05. SUDATH SILVA V KODITUWAKKU, IP - [1987] 2 SL.R 119

On his own showing it is evident that he has not carried out an independent examination of the petitioner to ascertain whether he had any injuries It seems to me to be preposterous for any medical officer before whom a suspect is produced for a medical examination in the custody of a police officer to expect him to tell the officer in the very presence of that police officer that he bears injuries caused to him as a result of a police assault.
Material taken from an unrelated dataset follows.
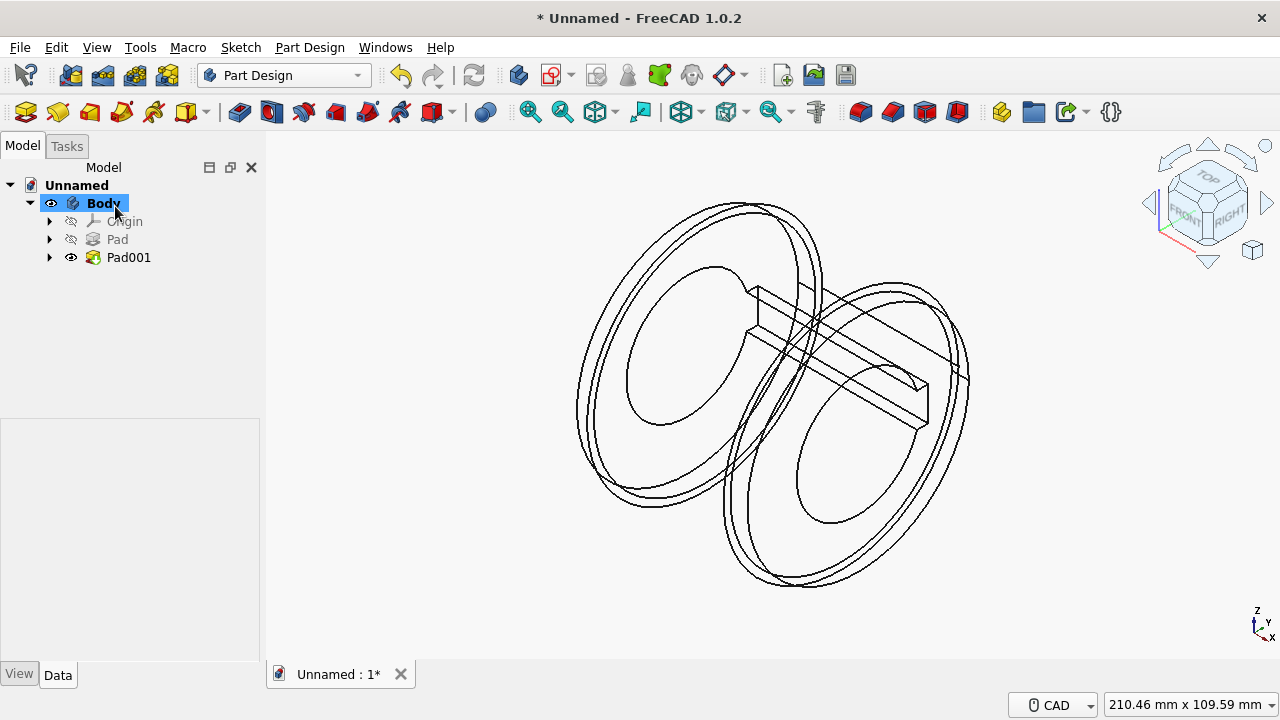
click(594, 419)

This seems particularly so when the suspect is produced at the instance of the police themselves and hot upon an order of court. I therefore reject the report of the M.O. as being worthless and unacceptable. The circumstances of this case disclose a gross lack of responsibility and a dereliction of duty on the pan of the M.O.

 

06. RENUKA SUBASINGHE V ATTORNEY GENERAL - 2007 1 SRI LR 224

A trial Judge is not prevented from bringing an independent mind to bear upon the question of age using whatever the legal admissible evidence that is available to him, including his observations where possible. Expert evidence is not the sine qua non in each and every case where "proof of age" is in issue if the trial Judge can safely and correctly form an opinion of his own, independently of any expert medical evidence. There could be instances; a decision on such an issue would not be possible without the assistance of an expert, qualified in the particular field. At the same time there may be instances where such opinion would not be necessary and the trial Judge himself, or with the assistance of a medical officer like a JMO, even though such a medical officer may not be an expert on matters relating to age such as an osteologist/anatomist or a dental surgeon, could decide the issue.

 

07. GRATIAEN PERERA V THE QUEEN - 61 NLR 522

While I would not go to the extent of saying that an expert's evidence would only afford “some slight corroboration of the conclusion arrived at independently “I would hesitate to act solely upon it. If there is other independent evidence in support of the conclusion reached, recourse need not be had at all to the expert's evidence. I think the modern, view is to accept the expert's testimony if there is some other evidence, direct or circumstantial, which tends to show that the conclusion reached by the expert is correct; provided, of course, the Court, independently of the expert's opinion, but with his assistance, is able to conclude that the writing is a forgery.

The expert should, therefore, have drawn the attention of Court to the details which influenced him in reaching his decision, so that the Court could, independently but with the expert's assistance, have formed its own opinion.

At the same time the decision being the Judge's, he should not delegate his function to the expert. The opinion of the expert is relevant, but the decision must, nevertheless, be the Judge's. To reach his decision his attention must be drawn to the points of similarity and dissimilarity.